ChatCompletionOutput(choices=[ChatCompletionOutputComplete(finish_reason='stop', index=0, message=ChatCompletionOutputMessage(role='assistant', content='Explainable AI (XAI) is aimed at making AI systems more transparent and understandable. This approach is crucial because it enhances trust and accountability by providing insights into how AI models make decisions.', tool_call_id=None, tool_calls=None), logprobs=None)], created=1751303621145, id='Bkp1By', model='Qwen/Qwen2.5-7B-Instruct-1M', system_fingerprint='', usage=ChatCompletionOutputUsage(completion_tokens=39, prompt_tokens=287, total_tokens=326), object='chat.completion')
<class 'huggingface_hub.inference._generated.types.chat_completion.ChatCompletionOutput'>
Qwen/Qwen2.5-7B-Instruct-1M
<class 'list'>
Explainable AI (XAI) is aimed at making AI systems more transparent and understandable. This approach is crucial because it enhances trust and accountability by providing insights into how AI models make decisions.


In [111]:
# Define the system prompt for the evaluation system
evaluate_system_prompt = "You are an intelligent evaluation system tasked with assessing the AI assistant's responses.
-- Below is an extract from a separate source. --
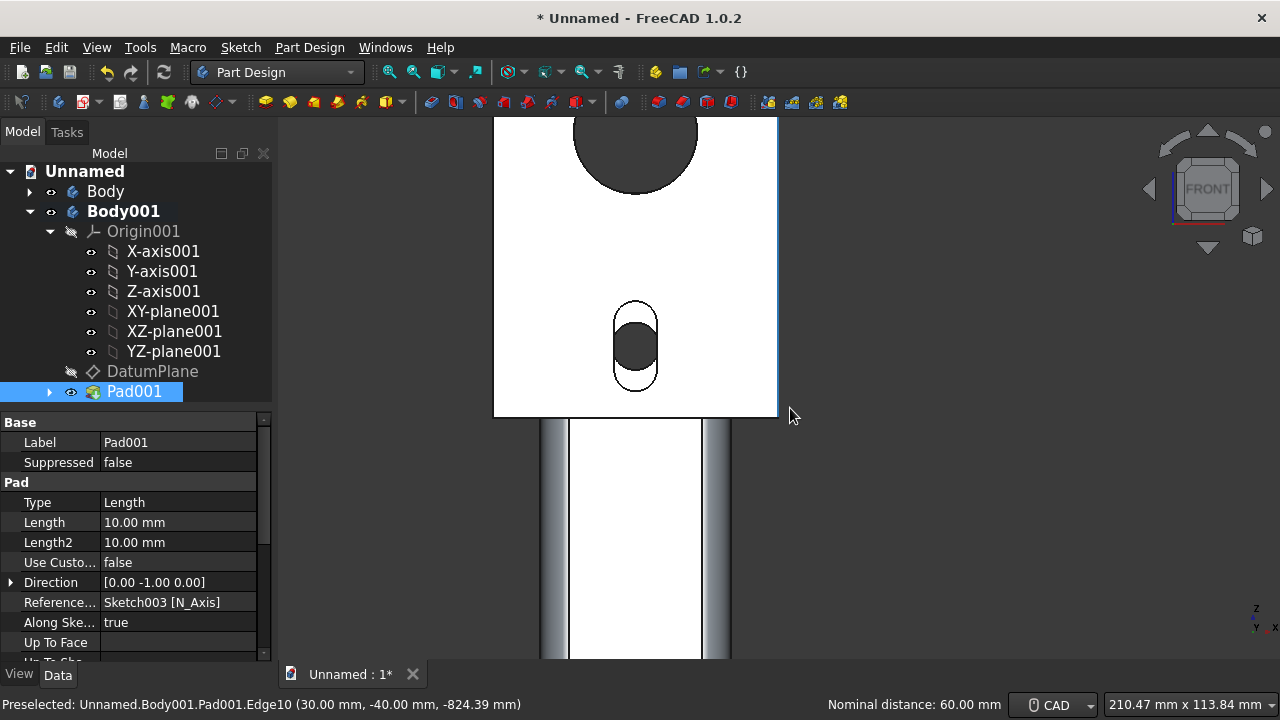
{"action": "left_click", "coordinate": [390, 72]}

If the AI assistant's response is very close to the true response, assign a score of 1. If the response is incorrect or unsatisfactory in relation to the true response, assign a score of 0. If the response is partially aligned with the true response, assign a score of 0.5."
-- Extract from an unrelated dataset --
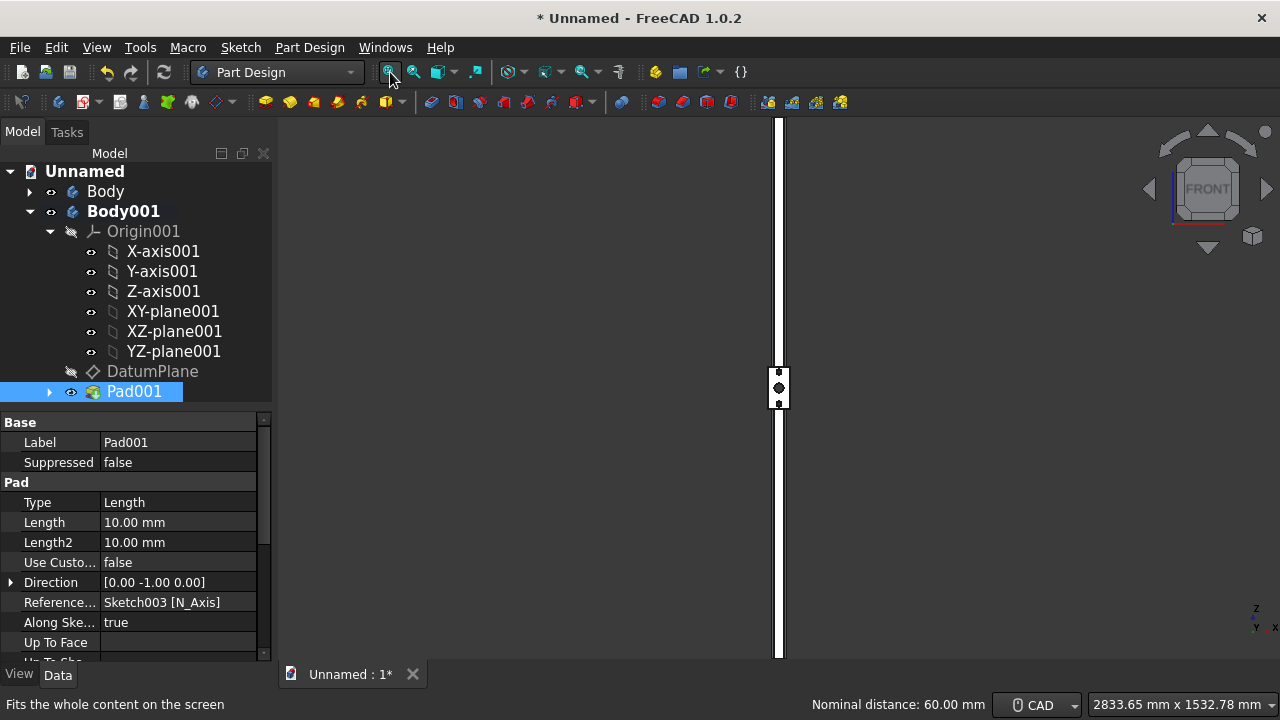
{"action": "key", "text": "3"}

# Create the evaluation prompt by combining the user query, AI response, true response, and evaluation system prompt
evaluation_prompt = f"User Query: {query}\nAI Response:\n{ai_response.choices[0].message.content}\nTrue Response: {data[0]['ideal_answer']}\n{evaluate_system_prompt}"

# Generate the evaluation response using the evaluation system prompt and evaluation prompt
evaluation_response = generate_response(evaluate_system_prompt, evaluation_prompt)

# Print the evaluation response
print(evaluation_response.choices[0].message.content)

Score: 1

The AI response accurately captures the essence of Explainable AI (XAI), emphasizing its goal of transparency and understandability, as well as its importance for trust, accountability, and fairness. The response closely aligns with the true response provided, hence a score of 1 is appropriate.